NOTES & SUMMARY
CODE & STANDARD REFERENCES
Why is an Occupancy Hazard Classification Important?
Ok. Here we go Joe – give us a guilt-laiden lecture on why I should care about some fancy term from NFPA 13.
And to my answer, I'll oblige. I will give you the guilt-laiden saga here.
However, I will say as dramatic as I can make this out to being as much as I can go on my tangents and soapbox, I still don't know that I could ever undersell how important an appropriate hazard classification is for a fire sprinkler system.
Now, in our last segment, we covered what a sprinkler occupancy hazard classification is. There's three words, occupancy hazard classification. In this segment, I'll probably refer to it at different times as just hazard classification. It kinda rolls off the tongue a little bit easier, but anyways, it's the way that we categorize the fuel load and the potential fire intensity for an area. It could be a room. It could be a space within a room. It could be multiple rooms. It's loosely associated with how intense a fire can be for a given area.
But as we're recovering today, why is this important?
IMPORTANCE HIGHLIGHTED IN NFPA 13 COMMENTARY
First, let's start off with our official declaration of importance.

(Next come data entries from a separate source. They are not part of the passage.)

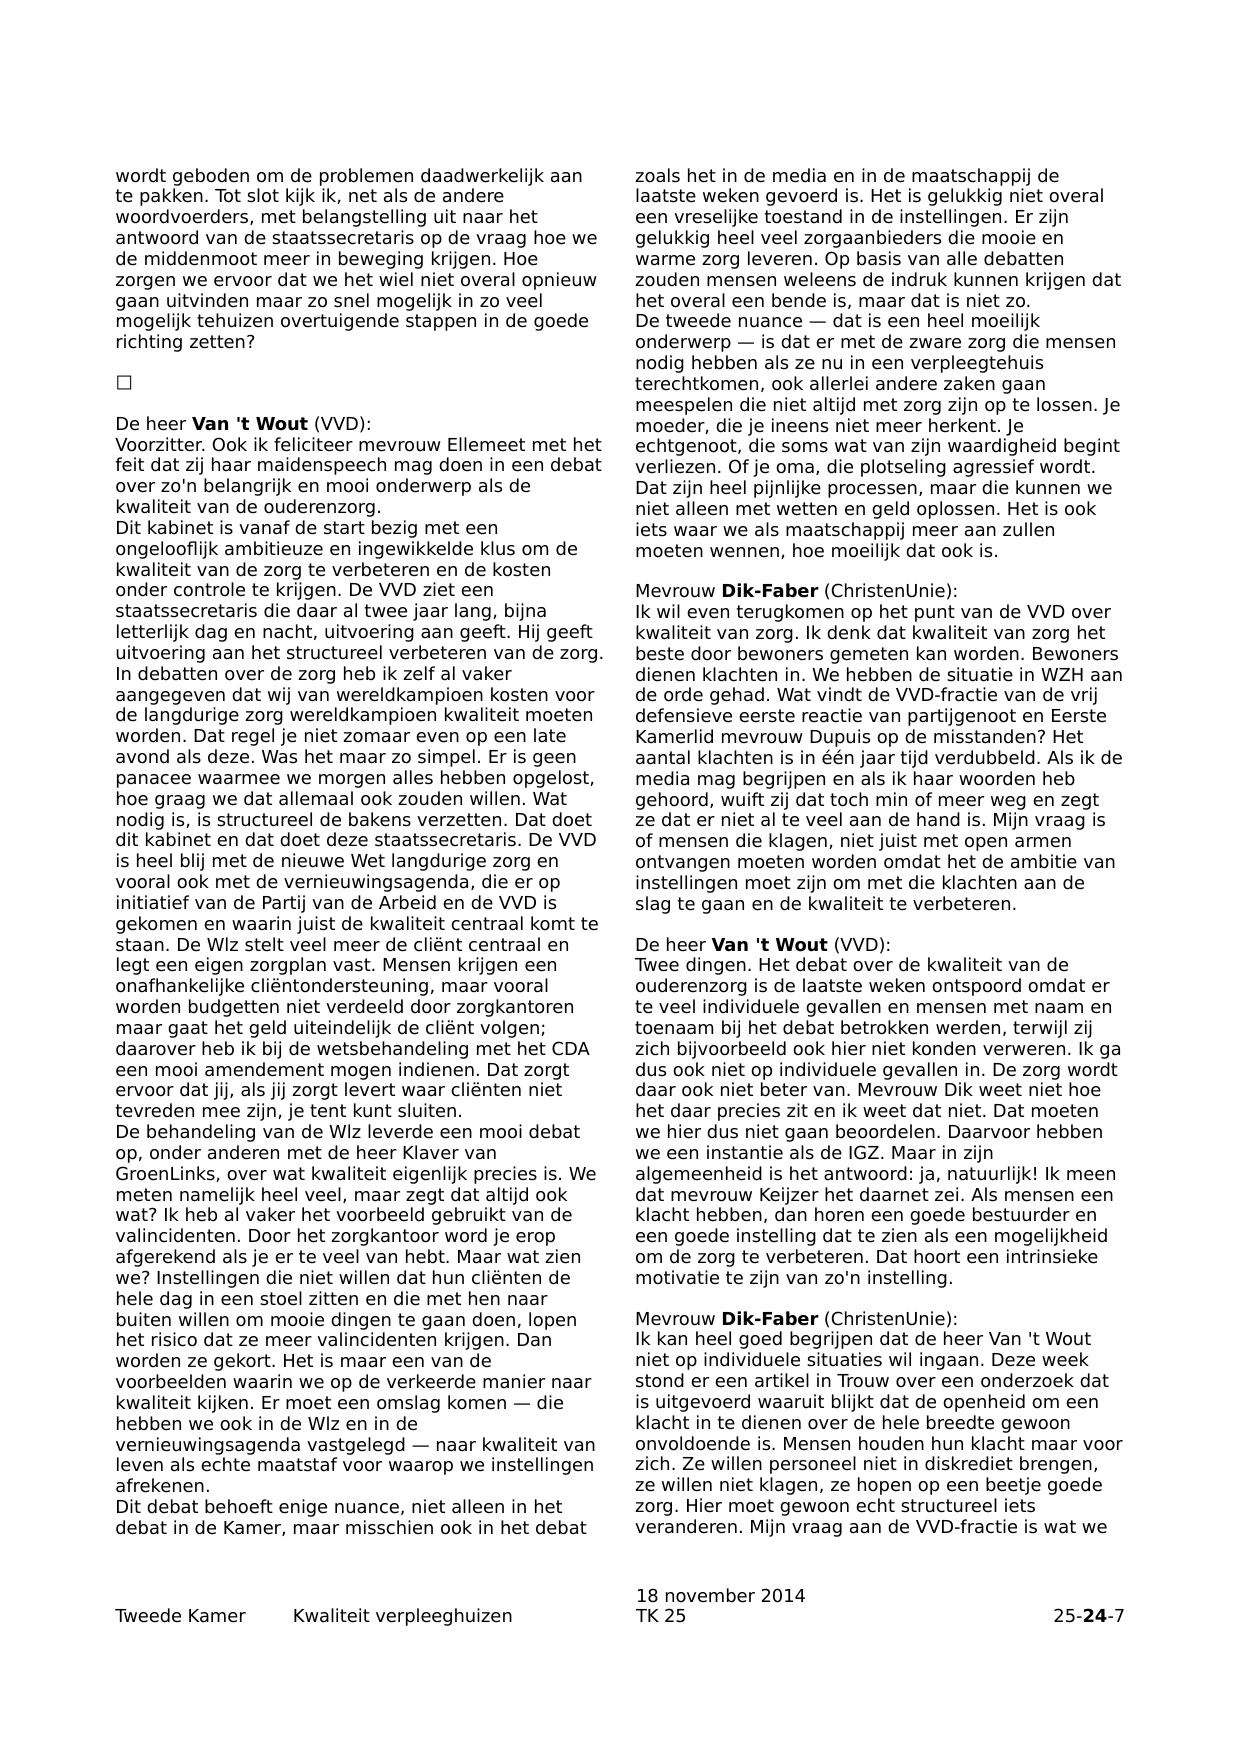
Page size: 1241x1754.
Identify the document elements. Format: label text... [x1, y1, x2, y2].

text De behandeling van de Wlz leverde een mooi debat op, onder anderen met de heer Klaver van GroenLinks, over wat kwaliteit eigenlijk precies is. We meten namelijk heel veel, maar zegt dat altijd ook wat? Ik heb al vaker het voorbeeld gebruikt van de valincidenten. Door het zorgkantoor word je erop afgerekend als je er te veel van hebt. Maar wat zien we? Instellingen die niet willen dat hun cliënten de hele dag in een stoel zitten en die met hen naar buiten willen om mooie dingen te gaan doen, lopen het risico dat ze meer valincidenten krijgen. Dan worden ze gekort. Het is maar een van de voorbeelden waarin we op de verkeerde manier naar kwaliteit kijken. Er moet een omslag komen — die hebben we ook in de Wlz en in de vernieuwingsagenda vastgelegd — naar kwaliteit van leven als echte maatstaf voor waarop we instellingen afrekenen. [115, 1122, 605, 1497]
text zoals het in de media en in de maatschappij de laatste weken gevoerd is. Het is gelukkig niet overal een vreselijke toestand in de instellingen. Er zijn gelukkig heel veel zorgaanbieders die mooie en warme zorg leveren. Op basis van alle debatten zouden mensen weleens de indruk kunnen krijgen dat het overal een bende is, maar dat is niet zo. [635, 165, 1125, 311]
text Dit debat behoeft enige nuance, niet alleen in het debat in de Kamer, maar misschien ook in het debat [115, 1497, 605, 1538]
text Ik wil even terugkomen op het punt van de VVD over kwaliteit van zorg. Ik denk dat kwaliteit van zorg het beste door bewoners gemeten kan worden. Bewoners dienen klachten in. We hebben de situatie in WZH aan de orde gehad. Wat vindt de VVD-fractie van de vrij defensieve eerste reactie van partijgenoot en Eerste Kamerlid mevrouw Dupuis op de misstanden? Het aantal klachten is in één jaar tijd verdubbeld. Als ik de media mag begrijpen en als ik haar woorden heb gehoord, wuift zij dat toch min of meer weg en zegt ze dat er niet al te veel aan de hand is. Mijn vraag is of mensen die klagen, niet juist met open armen ontvangen moeten worden omdat het de ambitie van instellingen moet zijn om met die klachten aan de slag te gaan en de kwaliteit te verbeteren. [635, 602, 1125, 914]
text Mevrouw Dik-Faber (ChristenUnie): [635, 581, 1125, 602]
text wordt geboden om de problemen daadwerkelijk aan te pakken. Tot slot kijk ik, net als de andere woordvoerders, met belangstelling uit naar het antwoord van de staatssecretaris op de vraag hoe we de middenmoot meer in beweging krijgen. Hoe zorgen we ervoor dat we het wiel niet overal opnieuw gaan uitvinden maar zo snel mogelijk in zo veel mogelijk tehuizen overtuigende stappen in de goede richting zetten? [115, 165, 605, 353]
text Mevrouw Dik-Faber (ChristenUnie): [635, 1308, 1125, 1329]
text De heer Van 't Wout (VVD): [635, 934, 1125, 955]
text Twee dingen. Het debat over de kwaliteit van de ouderenzorg is de laatste weken ontspoord omdat er te veel individuele gevallen en mensen met naam en toenaam bij het debat betrokken werden, terwijl zij zich bijvoorbeeld ook hier niet konden verweren. Ik ga dus ook niet op individuele gevallen in. De zorg wordt daar ook niet beter van. Mevrouw Dik weet niet hoe het daar precies zit en ik weet dat niet. Dat moeten we hier dus niet gaan beoordelen. Daarvoor hebben we een instantie als de IGZ. Maar in zijn algemeenheid is het antwoord: ja, natuurlijk! Ik meen dat mevrouw Keijzer het daarnet zei. Als mensen een klacht hebben, dan horen een goede bestuurder en een goede instelling dat te zien als een mogelijkheid om de zorg te verbeteren. Dat hoort een intrinsieke motivatie te zijn van zo'n instelling. [635, 955, 1125, 1288]
text Voorzitter. Ook ik feliciteer mevrouw Ellemeet met het feit dat zij haar maidenspeech mag doen in een debat over zo'n belangrijk en mooi onderwerp als de kwaliteit van de ouderenzorg. [115, 434, 605, 518]
text In debatten over de zorg heb ik zelf al vaker aangegeven dat wij van wereldkampioen kosten voor de langdurige zorg wereldkampioen kwaliteit moeten worden. Dat regel je niet zomaar even op een late avond als deze. Was het maar zo simpel. Er is geen panacee waarmee we morgen alles hebben opgelost, hoe graag we dat allemaal ook zouden willen. Wat nodig is, is structureel de bakens verzetten. Dat doet dit kabinet en dat doet deze staatssecretaris. De VVD is heel blij met de nieuwe Wet langdurige zorg en vooral ook met de vernieuwingsagenda, die er op initiatief van de Partij van de Arbeid en de VVD is gekomen en waarin juist de kwaliteit centraal komt te staan. De Wlz stelt veel meer de cliënt centraal en legt een eigen zorgplan vast. Mensen krijgen een onafhankelijke cliëntondersteuning, maar vooral worden budgetten niet verdeeld door zorgkantoren maar gaat het geld uiteindelijk de cliënt volgen; daarover heb ik bij de wetsbehandeling met het CDA een mooi amendement mogen indienen. Dat zorgt ervoor dat jij, als jij zorgt levert waar cliënten niet tevreden mee zijn, je tent kunt sluiten. [115, 663, 605, 1122]
text De heer Van 't Wout (VVD): [115, 413, 605, 434]
text ⬜ [115, 373, 605, 393]
text De tweede nuance — dat is een heel moeilijk onderwerp — is dat er met de zware zorg die mensen nodig hebben als ze nu in een verpleegtehuis terechtkomen, ook allerlei andere zaken gaan meespelen die niet altijd met zorg zijn op te lossen. Je moeder, die je ineens niet meer herkent. Je echtgenoot, die soms wat van zijn waardigheid begint verliezen. Of je oma, die plotseling agressief wordt. Dat zijn heel pijnlijke processen, maar die kunnen we niet alleen met wetten en geld oplossen. Het is ook iets waar we als maatschappij meer aan zullen moeten wennen, hoe moeilijk dat ook is. [635, 311, 1125, 561]
text Ik kan heel goed begrijpen dat de heer Van 't Wout niet op individuele situaties wil ingaan. Deze week stond er een artikel in Trouw over een onderzoek dat is uitgevoerd waaruit blijkt dat de openheid om een klacht in te dienen over de hele breedte gewoon onvoldoende is. Mensen houden hun klacht maar voor zich. Ze willen personeel niet in diskrediet brengen, ze willen niet klagen, ze hopen op een beetje goede zorg. Hier moet gewoon echt structureel iets veranderen. Mijn vraag aan de VVD-fractie is wat we [635, 1329, 1125, 1537]
text Dit kabinet is vanaf de start bezig met een ongelooflijk ambitieuze en ingewikkelde klus om de kwaliteit van de zorg te verbeteren en de kosten onder controle te krijgen. De VVD ziet een staatssecretaris die daar al twee jaar lang, bijna letterlijk dag en nacht, uitvoering aan geeft. Hij geeft uitvoering aan het structureel verbeteren van de zorg. [115, 518, 605, 663]
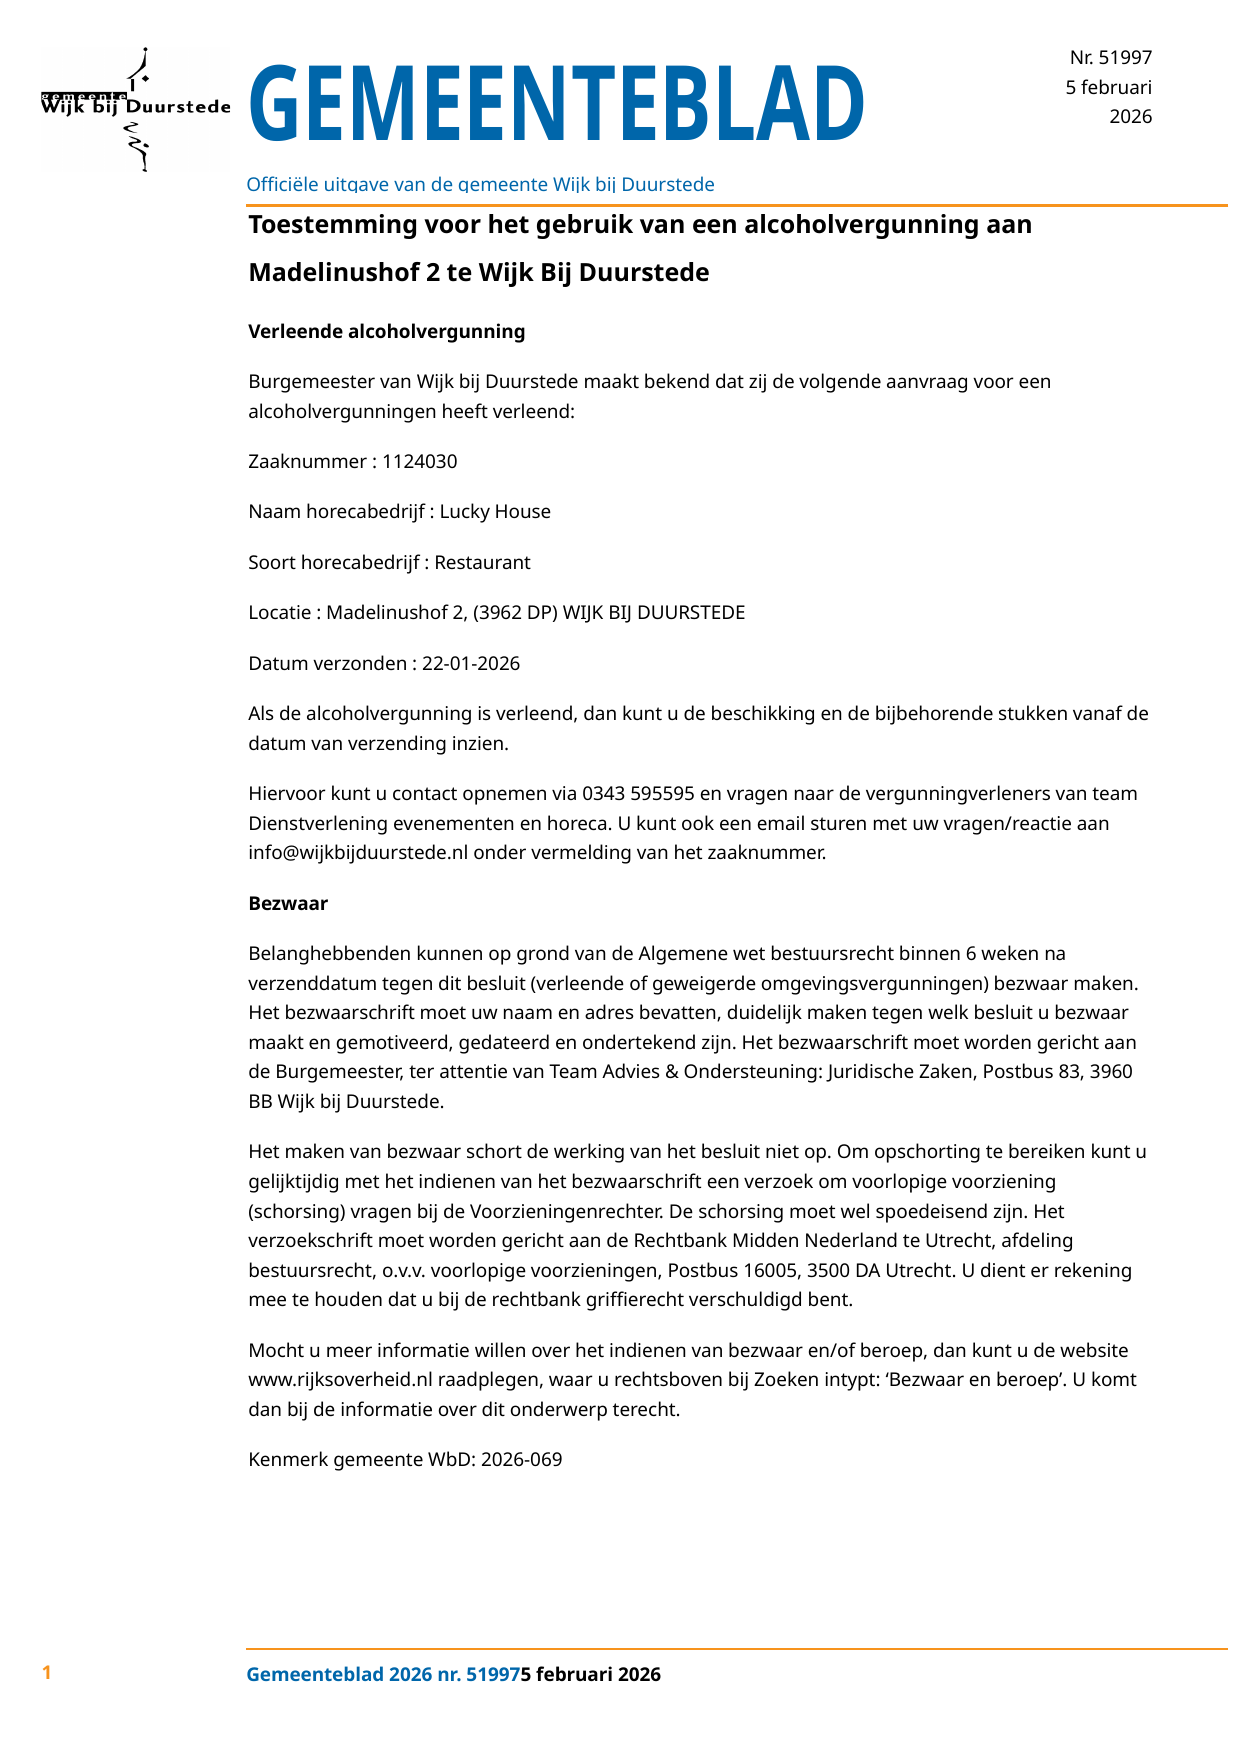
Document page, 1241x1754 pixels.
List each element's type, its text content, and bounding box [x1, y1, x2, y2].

text Belanghebbenden kunnen op grond van de Algemene wet bestuursrecht binnen 6 weken na verzenddatum tegen dit besluit (verleende of geweigerde omgevingsvergunningen) bezwaar maken. Het bezwaarschrift moet uw naam en adres bevatten, duidelijk maken tegen welk besluit u bezwaar maakt en gemotiveerd, gedateerd en ondertekend zijn. Het bezwaarschrift moet worden gericht aan de Burgemeester, ter attentie van Team Advies & Ondersteuning: Juridische Zaken, Postbus 83, 3960 BB Wijk bij Duurstede. [248, 940, 1152, 1114]
text Mocht u meer informatie willen over het indienen van bezwaar en/of beroep, dan kunt u de website www.rijksoverheid.nl raadplegen, waar u rechtsboven bij Zoeken intypt: ‘Bezwaar en beroep’. U komt dan bij de informatie over dit onderwerp terecht. [248, 1337, 1152, 1422]
picture [41, 47, 231, 172]
text Bezwaar [248, 890, 1152, 916]
text Burgemeester van Wijk bij Duurstede maakt bekend dat zij de volgende aanvraag voor een alcoholvergunningen heeft verleend: [248, 368, 1152, 424]
text Zaaknummer : 1124030 [248, 448, 1152, 474]
text Toestemming voor het gebruik van een alcoholvergunning aan Madelinushof 2 te Wijk Bij Duurstede [248, 207, 1152, 288]
text Hiervoor kunt u contact opnemen via 0343 595595 en vragen naar de vergunningverleners van team Dienstverlening evenementen en horeca. U kunt ook een email sturen met uw vragen/reactie aan info@wijkbijduurstede.nl onder vermelding van het zaaknummer. [248, 780, 1152, 865]
text Het maken van bezwaar schort de werking van het besluit niet op. Om opschorting te bereiken kunt u gelijktijdig met het indienen van het bezwaarschrift een verzoek om voorlopige voorziening (schorsing) vragen bij de Voorzieningenrechter. De schorsing moet wel spoedeisend zijn. Het verzoekschrift moet worden gericht aan de Rechtbank Midden Nederland te Utrecht, afdeling bestuursrecht, o.v.v. voorlopige voorzieningen, Postbus 16005, 3500 DA Utrecht. U dient er rekening mee te houden dat u bij de rechtbank griffierecht verschuldigd bent. [248, 1139, 1152, 1312]
text Naam horecabedrijf : Lucky House [248, 499, 1152, 524]
text Verleende alcoholvergunning [248, 318, 1152, 344]
text Kenmerk gemeente WbD: 2026-069 [248, 1447, 1152, 1472]
text Als de alcoholvergunning is verleend, dan kunt u de beschikking en de bijbehorende stukken vanaf de datum van verzending inzien. [248, 700, 1152, 756]
text Datum verzonden : 22-01-2026 [248, 650, 1152, 676]
text Soort horecabedrijf : Restaurant [248, 549, 1152, 575]
text Locatie : Madelinushof 2, (3962 DP) WIJK BIJ DUURSTEDE [248, 599, 1152, 625]

In the handbook of NFPA 13, the commentary specifically mentions that the classification of the occupancy or the commodity, which commodity we’ll cover later in storage, is the first major decision that is made in the design of a fire sprinkler system.
It can have a huge impact on the effectiveness of the system during a fire. That's not even my drama. That's the commentary itself saying that. The classification has a huge impact. They use that term huge on the effectiveness of the system during a fire.
It then goes on to say that decisions improperly done can result in a compromised sprinkler system that could “allow for unabated horizontal fire spread.”
Commentary section in A.4.3 says that proper classification of a fire hazard is critical to the overall success of the sprinkler system. That's a lot. That's commentary that is even emphasizing here with some drama how important this is.
But why, why does it have such a critical effect?
EFFECTS OF AN OCCUPANCY HAZARD CLASSIFICATION
The occupancy hazard classification influences many of the later guidelines we have about a fire sprinkler system.
Sprinkler spacing, just as an example, is driven by the occupancy hazard classification.
Let's look at a quick example. The allowable coverage area for standard spray pendant sprinkler, and an ordinary hazard area is less or more restrictive than what is allowed for a light hazard area. In Ordinary Hazard Group 2, wee’re allowed a sprinkler coverage area of 130 square feet (that's 12.1 square meters). For a hydraulically calculated noncombustible construction light hazard area, we’re allowed up to 225 square feet (or 20.9 square meters) per sprinkler.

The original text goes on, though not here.